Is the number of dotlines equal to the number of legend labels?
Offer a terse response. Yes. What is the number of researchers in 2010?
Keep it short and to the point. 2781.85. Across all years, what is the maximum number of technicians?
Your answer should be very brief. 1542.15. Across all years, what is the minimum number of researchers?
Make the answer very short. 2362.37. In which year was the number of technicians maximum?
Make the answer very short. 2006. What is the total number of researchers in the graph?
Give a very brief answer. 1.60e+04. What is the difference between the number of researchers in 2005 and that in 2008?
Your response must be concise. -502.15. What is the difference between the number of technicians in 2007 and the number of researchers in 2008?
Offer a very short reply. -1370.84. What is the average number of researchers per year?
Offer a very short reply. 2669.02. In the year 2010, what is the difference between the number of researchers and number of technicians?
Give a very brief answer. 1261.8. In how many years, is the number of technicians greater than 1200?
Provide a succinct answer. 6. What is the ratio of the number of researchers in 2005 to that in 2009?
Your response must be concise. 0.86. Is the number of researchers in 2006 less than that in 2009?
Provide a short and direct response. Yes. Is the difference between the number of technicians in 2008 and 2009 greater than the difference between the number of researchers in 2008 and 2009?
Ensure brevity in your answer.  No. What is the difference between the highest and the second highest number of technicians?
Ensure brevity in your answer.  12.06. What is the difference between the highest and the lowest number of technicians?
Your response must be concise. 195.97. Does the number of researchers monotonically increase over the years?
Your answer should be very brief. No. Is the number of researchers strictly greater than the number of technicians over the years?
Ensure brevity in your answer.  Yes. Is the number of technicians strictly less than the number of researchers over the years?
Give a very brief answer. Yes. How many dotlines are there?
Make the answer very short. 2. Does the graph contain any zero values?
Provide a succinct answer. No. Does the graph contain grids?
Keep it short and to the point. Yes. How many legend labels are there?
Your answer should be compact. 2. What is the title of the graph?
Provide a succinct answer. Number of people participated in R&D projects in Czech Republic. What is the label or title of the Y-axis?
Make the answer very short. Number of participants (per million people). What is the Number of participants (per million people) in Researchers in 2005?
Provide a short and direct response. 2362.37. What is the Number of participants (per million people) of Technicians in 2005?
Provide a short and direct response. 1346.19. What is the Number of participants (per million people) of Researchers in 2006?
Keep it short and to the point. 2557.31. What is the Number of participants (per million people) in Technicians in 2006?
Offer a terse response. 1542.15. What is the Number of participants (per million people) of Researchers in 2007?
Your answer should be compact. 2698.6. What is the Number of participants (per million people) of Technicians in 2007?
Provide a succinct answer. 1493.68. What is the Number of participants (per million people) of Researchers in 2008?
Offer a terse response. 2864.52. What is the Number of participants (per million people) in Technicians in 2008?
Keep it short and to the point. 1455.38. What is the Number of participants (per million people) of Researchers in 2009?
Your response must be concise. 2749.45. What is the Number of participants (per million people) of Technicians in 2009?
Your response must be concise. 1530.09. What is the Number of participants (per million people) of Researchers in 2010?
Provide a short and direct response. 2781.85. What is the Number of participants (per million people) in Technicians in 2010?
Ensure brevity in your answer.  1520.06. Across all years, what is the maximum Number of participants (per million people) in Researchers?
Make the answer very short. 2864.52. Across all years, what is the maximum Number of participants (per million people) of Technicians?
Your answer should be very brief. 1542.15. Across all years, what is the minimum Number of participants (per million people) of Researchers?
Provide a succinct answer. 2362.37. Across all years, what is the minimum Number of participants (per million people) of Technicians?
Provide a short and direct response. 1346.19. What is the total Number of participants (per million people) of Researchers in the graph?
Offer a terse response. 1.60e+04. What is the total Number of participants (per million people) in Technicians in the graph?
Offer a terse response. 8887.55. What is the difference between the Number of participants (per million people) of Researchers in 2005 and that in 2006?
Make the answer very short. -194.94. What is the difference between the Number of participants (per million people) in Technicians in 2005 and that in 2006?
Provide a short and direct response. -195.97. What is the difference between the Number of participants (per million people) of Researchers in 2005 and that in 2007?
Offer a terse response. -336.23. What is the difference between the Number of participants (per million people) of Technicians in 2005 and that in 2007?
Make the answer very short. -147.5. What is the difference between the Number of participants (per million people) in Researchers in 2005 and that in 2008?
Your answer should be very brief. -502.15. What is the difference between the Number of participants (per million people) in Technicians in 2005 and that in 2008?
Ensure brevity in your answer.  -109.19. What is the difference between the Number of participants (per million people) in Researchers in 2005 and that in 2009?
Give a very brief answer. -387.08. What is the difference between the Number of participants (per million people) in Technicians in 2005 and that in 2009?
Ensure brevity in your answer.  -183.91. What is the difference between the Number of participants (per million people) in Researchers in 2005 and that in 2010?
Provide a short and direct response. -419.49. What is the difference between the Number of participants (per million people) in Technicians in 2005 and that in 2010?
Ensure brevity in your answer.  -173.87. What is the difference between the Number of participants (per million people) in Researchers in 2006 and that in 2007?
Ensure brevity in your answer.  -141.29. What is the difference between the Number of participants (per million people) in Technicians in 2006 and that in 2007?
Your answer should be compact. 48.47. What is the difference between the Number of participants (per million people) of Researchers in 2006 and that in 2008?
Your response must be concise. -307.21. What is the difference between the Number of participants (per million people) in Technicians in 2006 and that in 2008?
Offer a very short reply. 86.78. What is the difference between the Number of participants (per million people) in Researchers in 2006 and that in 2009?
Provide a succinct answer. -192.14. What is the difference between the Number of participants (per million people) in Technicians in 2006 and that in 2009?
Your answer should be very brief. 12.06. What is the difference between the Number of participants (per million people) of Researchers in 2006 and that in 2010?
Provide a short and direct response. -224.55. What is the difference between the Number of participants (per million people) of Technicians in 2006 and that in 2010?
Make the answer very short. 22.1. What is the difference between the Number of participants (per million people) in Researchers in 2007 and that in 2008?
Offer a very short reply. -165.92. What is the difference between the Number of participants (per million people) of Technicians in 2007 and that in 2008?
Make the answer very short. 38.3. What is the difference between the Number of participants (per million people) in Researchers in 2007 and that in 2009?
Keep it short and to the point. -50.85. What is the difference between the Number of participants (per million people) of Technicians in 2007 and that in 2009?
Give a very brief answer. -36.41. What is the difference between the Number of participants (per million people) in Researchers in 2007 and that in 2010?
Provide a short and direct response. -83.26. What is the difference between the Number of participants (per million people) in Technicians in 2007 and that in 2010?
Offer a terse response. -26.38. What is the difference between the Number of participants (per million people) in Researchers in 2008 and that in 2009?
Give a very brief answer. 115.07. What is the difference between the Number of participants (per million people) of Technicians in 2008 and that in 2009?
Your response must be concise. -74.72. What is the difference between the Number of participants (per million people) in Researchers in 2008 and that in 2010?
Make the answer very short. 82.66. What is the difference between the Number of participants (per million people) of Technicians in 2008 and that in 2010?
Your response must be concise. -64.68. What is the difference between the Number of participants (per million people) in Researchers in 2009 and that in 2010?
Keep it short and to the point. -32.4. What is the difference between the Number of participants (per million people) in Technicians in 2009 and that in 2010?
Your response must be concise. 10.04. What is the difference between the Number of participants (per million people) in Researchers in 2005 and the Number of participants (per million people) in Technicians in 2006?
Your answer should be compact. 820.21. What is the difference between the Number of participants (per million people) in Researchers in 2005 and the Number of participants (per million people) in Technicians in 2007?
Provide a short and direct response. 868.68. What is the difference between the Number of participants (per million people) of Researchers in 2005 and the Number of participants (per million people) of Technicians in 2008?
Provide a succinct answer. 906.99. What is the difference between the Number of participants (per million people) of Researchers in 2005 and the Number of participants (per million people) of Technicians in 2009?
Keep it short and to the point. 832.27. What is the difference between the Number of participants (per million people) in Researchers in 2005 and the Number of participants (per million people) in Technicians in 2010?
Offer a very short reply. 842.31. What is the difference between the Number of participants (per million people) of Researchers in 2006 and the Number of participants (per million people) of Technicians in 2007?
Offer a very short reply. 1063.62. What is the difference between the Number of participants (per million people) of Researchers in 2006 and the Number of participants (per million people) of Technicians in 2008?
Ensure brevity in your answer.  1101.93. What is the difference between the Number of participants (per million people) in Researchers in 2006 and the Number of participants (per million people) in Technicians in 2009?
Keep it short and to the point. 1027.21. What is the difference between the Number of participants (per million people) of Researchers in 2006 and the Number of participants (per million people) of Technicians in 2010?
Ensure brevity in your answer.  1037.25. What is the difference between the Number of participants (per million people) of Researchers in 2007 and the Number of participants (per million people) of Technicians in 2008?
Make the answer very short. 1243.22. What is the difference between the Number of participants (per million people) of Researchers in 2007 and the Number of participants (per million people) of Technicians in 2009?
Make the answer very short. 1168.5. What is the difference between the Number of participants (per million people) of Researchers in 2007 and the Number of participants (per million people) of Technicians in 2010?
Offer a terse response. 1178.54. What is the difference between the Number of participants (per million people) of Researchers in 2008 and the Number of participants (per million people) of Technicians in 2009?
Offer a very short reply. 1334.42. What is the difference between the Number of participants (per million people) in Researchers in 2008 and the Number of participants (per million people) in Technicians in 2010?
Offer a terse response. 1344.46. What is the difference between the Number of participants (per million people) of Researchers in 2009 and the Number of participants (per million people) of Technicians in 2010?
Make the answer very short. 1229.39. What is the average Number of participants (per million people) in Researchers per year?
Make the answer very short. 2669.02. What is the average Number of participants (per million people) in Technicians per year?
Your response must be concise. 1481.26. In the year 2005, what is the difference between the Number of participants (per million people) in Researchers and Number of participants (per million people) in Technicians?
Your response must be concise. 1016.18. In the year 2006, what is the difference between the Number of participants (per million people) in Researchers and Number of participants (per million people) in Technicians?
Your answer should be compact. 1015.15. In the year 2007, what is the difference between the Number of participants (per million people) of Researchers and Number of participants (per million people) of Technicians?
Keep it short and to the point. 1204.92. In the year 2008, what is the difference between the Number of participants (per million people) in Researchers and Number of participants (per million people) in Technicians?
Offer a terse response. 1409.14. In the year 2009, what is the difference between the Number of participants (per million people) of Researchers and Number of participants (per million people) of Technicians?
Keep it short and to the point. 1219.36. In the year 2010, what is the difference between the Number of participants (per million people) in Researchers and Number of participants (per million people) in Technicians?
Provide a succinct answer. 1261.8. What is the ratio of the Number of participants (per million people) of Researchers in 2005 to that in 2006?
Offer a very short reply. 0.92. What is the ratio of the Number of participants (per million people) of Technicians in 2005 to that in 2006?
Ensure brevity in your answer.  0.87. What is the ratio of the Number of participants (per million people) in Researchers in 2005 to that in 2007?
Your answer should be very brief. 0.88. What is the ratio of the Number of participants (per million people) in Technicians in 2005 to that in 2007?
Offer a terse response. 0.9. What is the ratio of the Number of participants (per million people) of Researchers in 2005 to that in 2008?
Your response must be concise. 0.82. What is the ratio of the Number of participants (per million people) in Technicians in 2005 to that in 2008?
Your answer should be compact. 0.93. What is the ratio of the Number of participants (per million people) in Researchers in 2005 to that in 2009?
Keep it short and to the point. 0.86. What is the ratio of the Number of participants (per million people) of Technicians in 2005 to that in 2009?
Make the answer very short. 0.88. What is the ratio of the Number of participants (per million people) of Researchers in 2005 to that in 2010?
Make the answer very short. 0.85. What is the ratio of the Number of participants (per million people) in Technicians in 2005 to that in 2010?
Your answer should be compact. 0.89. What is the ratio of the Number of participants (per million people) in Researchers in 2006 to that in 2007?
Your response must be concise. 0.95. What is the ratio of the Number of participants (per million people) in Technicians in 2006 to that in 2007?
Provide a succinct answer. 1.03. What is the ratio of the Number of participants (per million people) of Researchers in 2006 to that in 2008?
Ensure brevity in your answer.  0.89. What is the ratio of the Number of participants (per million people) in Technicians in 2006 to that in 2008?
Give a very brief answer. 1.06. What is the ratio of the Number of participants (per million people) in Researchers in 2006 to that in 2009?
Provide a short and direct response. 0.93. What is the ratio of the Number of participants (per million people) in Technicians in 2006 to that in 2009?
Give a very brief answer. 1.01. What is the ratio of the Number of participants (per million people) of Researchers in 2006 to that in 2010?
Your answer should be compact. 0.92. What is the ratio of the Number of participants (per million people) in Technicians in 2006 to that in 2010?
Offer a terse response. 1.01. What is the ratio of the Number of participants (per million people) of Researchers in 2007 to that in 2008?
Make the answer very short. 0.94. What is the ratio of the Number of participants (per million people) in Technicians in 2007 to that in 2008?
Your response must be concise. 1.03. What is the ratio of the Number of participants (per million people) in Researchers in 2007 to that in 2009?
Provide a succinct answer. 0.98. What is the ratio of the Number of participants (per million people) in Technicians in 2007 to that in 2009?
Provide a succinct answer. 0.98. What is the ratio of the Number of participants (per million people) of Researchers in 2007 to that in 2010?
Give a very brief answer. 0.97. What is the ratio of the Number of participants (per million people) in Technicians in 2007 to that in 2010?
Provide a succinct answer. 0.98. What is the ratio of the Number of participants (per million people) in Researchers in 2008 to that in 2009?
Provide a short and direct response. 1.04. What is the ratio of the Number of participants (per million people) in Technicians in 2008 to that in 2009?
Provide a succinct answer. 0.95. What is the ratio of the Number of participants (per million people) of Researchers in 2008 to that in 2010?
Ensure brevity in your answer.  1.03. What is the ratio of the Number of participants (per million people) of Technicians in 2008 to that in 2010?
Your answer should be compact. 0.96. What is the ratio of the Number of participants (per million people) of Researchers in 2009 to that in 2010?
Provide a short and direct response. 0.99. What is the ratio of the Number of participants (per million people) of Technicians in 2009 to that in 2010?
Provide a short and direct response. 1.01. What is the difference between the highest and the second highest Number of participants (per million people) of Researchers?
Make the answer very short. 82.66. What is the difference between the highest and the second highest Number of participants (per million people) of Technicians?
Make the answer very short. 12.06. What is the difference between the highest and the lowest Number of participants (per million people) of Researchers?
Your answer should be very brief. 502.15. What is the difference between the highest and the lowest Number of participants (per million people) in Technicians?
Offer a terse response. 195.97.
***
§ TASK TO CARRY OUT:
Whenever a line in the records above contains the string "title", copy that line.

§ YOUR SOLUTION:
Your answer should be compact. 2. What is the title of the graph?
Provide a succinct answer. Number of people participated in R&D projects in Czech Republic. What is the label or title of the Y-axis?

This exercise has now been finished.